BAGHDAD - Iraq's oldest member of parliament, Dhari al-Fayadh, died with his son and three bodyguards in a suicide bombing north of Baghdad, while more bombs killed two and wounded 20 elsewhere.

Fayadh, 87, and his son were killed whan "a vehicle packed with explosives and driven by a suicide bomber was detonated alongside his two-car convoy in Al-Rashidyah," an interior ministry source said.

Chief of the Albuamer, a powerful and predominantly Shiite tribe, Fayadh had presided over the first sessions of Iraq's new parliament before a speaker was elected.

Sheikh Humam Hamudi, head of the parliamentary committee currently drafting a new constitution, told AFP: "Those who killed Sheikh al-Fayadh are criminals trying to destroy the country."

Fayadh was lord of the mud huts around his gated villa complex in the orange and palm groves of his rural fiefdom in Diyala province just north of the capital.

He won election to the 275-member national assembly in landmark January polls after running as an independent in the victorious Shiite-dominated United Iraqi Alliance.

The octogenarian was enjoying a political comeback after losing his parliamentary seat in 1958 when the so-called Free Officers led by Abdul Karim Qasim overthrew the British-backed monarchy.

Fayad spent about a year in jail in 1969 after Saddam Hussein's Baath party seized power.

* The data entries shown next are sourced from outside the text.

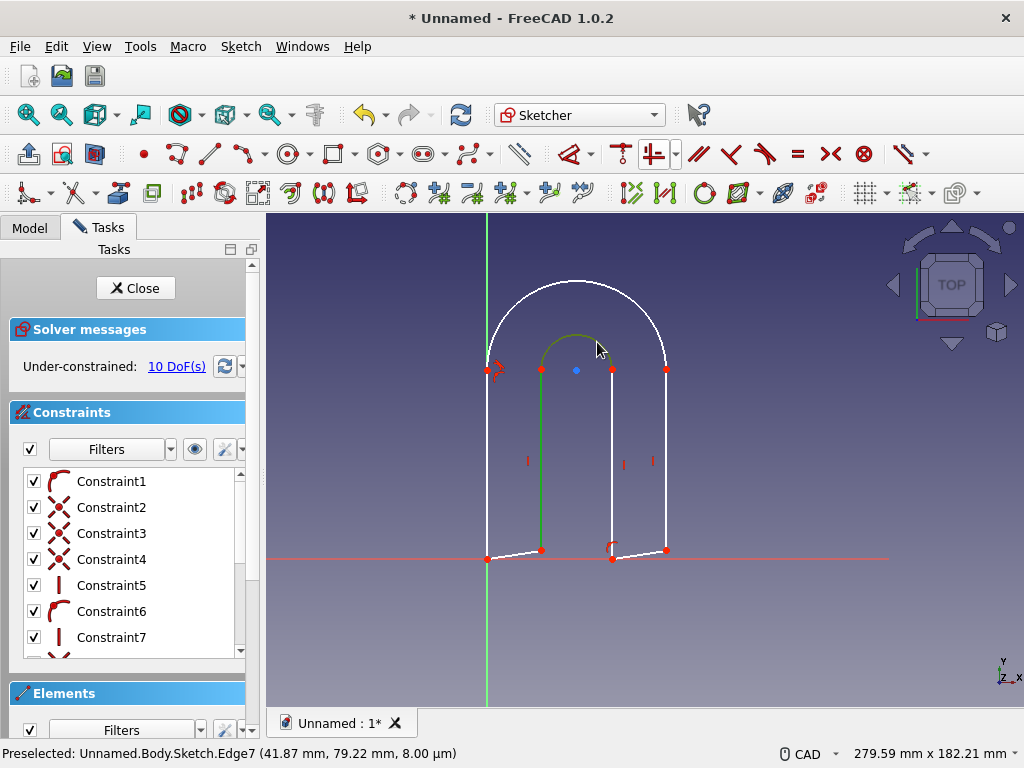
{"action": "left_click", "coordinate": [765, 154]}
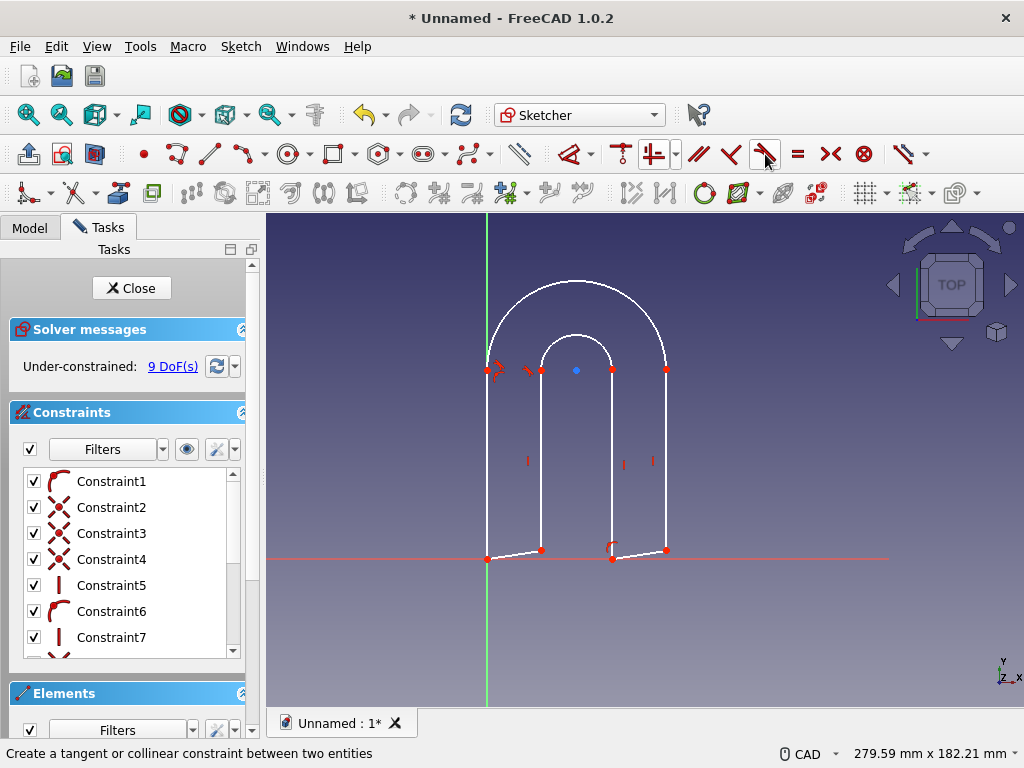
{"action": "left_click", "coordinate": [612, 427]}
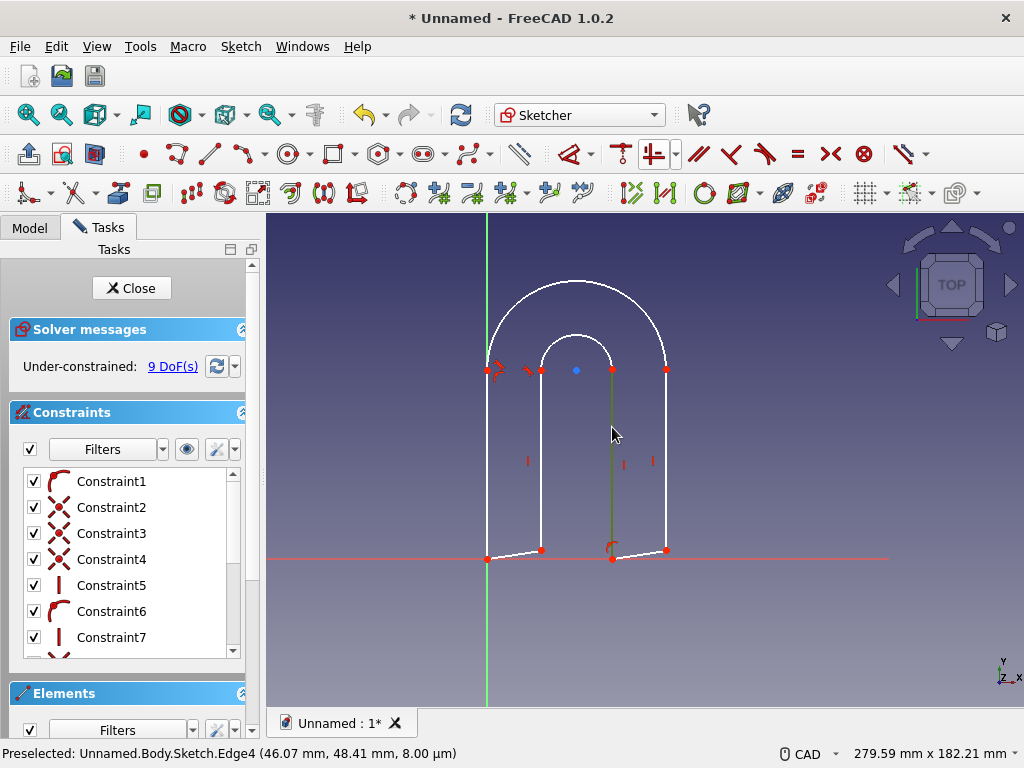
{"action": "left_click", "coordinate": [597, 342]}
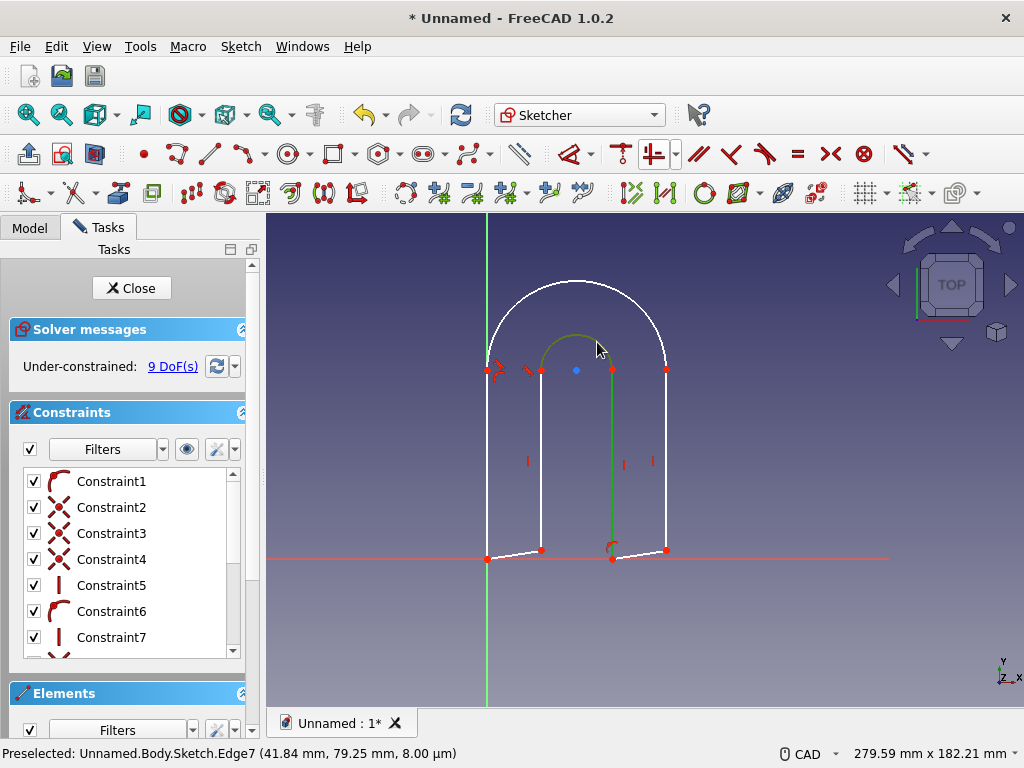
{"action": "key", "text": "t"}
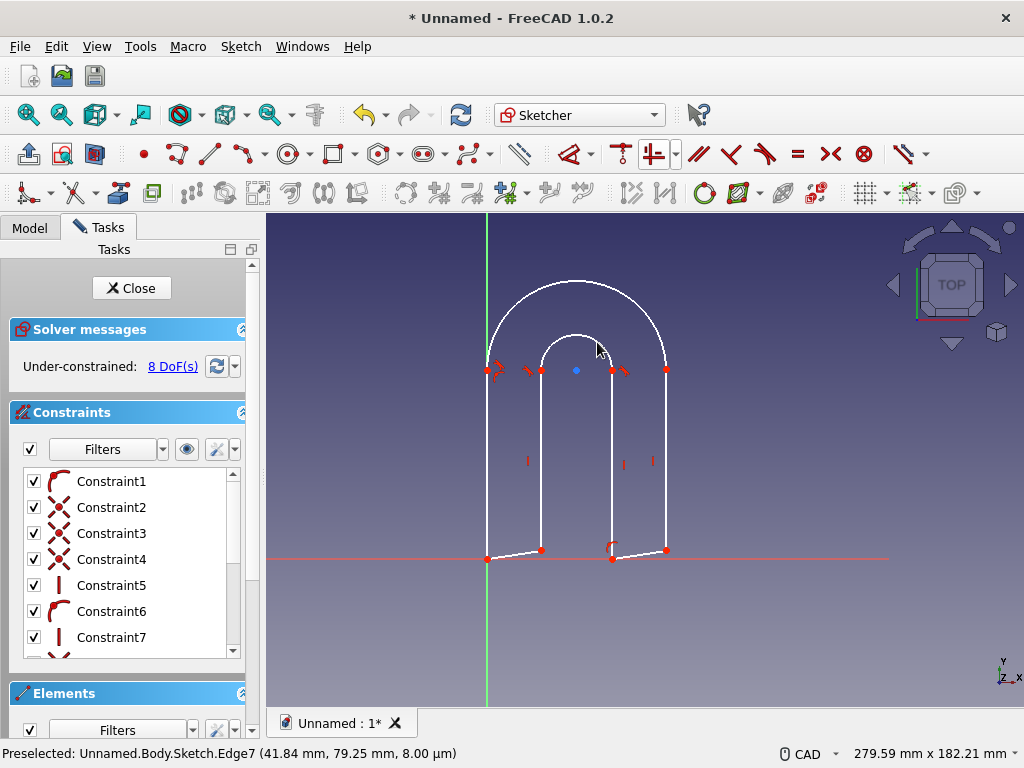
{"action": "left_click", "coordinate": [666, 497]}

He then withdrew to his rural retreat, keeping a low profile until Saddam's overthrow in 2003.

Two more bombings killed two people and wounded around 20 early Tuesday in the volatile northern oil city of Kirkuk and in Musayyib, south of Baghdad.

A policemen died and 17 people were wounded when a suicide bomber walked into a hospital in Musayyib and blew himself up, police and medics said.

In disputed Kirkuk, which the Kurds want as the capital of an expanded autonomous region, a car bomb targeted traffic police chief Tallar Abdullah, a brigadier general.

One civilian died and three of the general's bodyguards were wounded, said police Captain Farhad Abdullah, who is not related to the general.

On Monday, 11 people died in Iraq violence, including five who were killed when a car bomb ripped through a crowded market in southeast Baghdad.

US forces also reported losses, including the two-man crew of an Apache helicopter that crashed in the town of Mishahda, around 40 kilometers (25 miles) north of Baghdad, raising the overall US death toll in Iraq to 1,729, according to a Pentagon tally.

The US military said that a marine and a sailor previously identified as missing were confirmed killed along with four other marines in a suicide bombing in Fallujah on Thursday.

The confirmation brought female casualties from the attack to three dead and 11 wounded -- the biggest single day toll for US servicewomen in Iraq. [...]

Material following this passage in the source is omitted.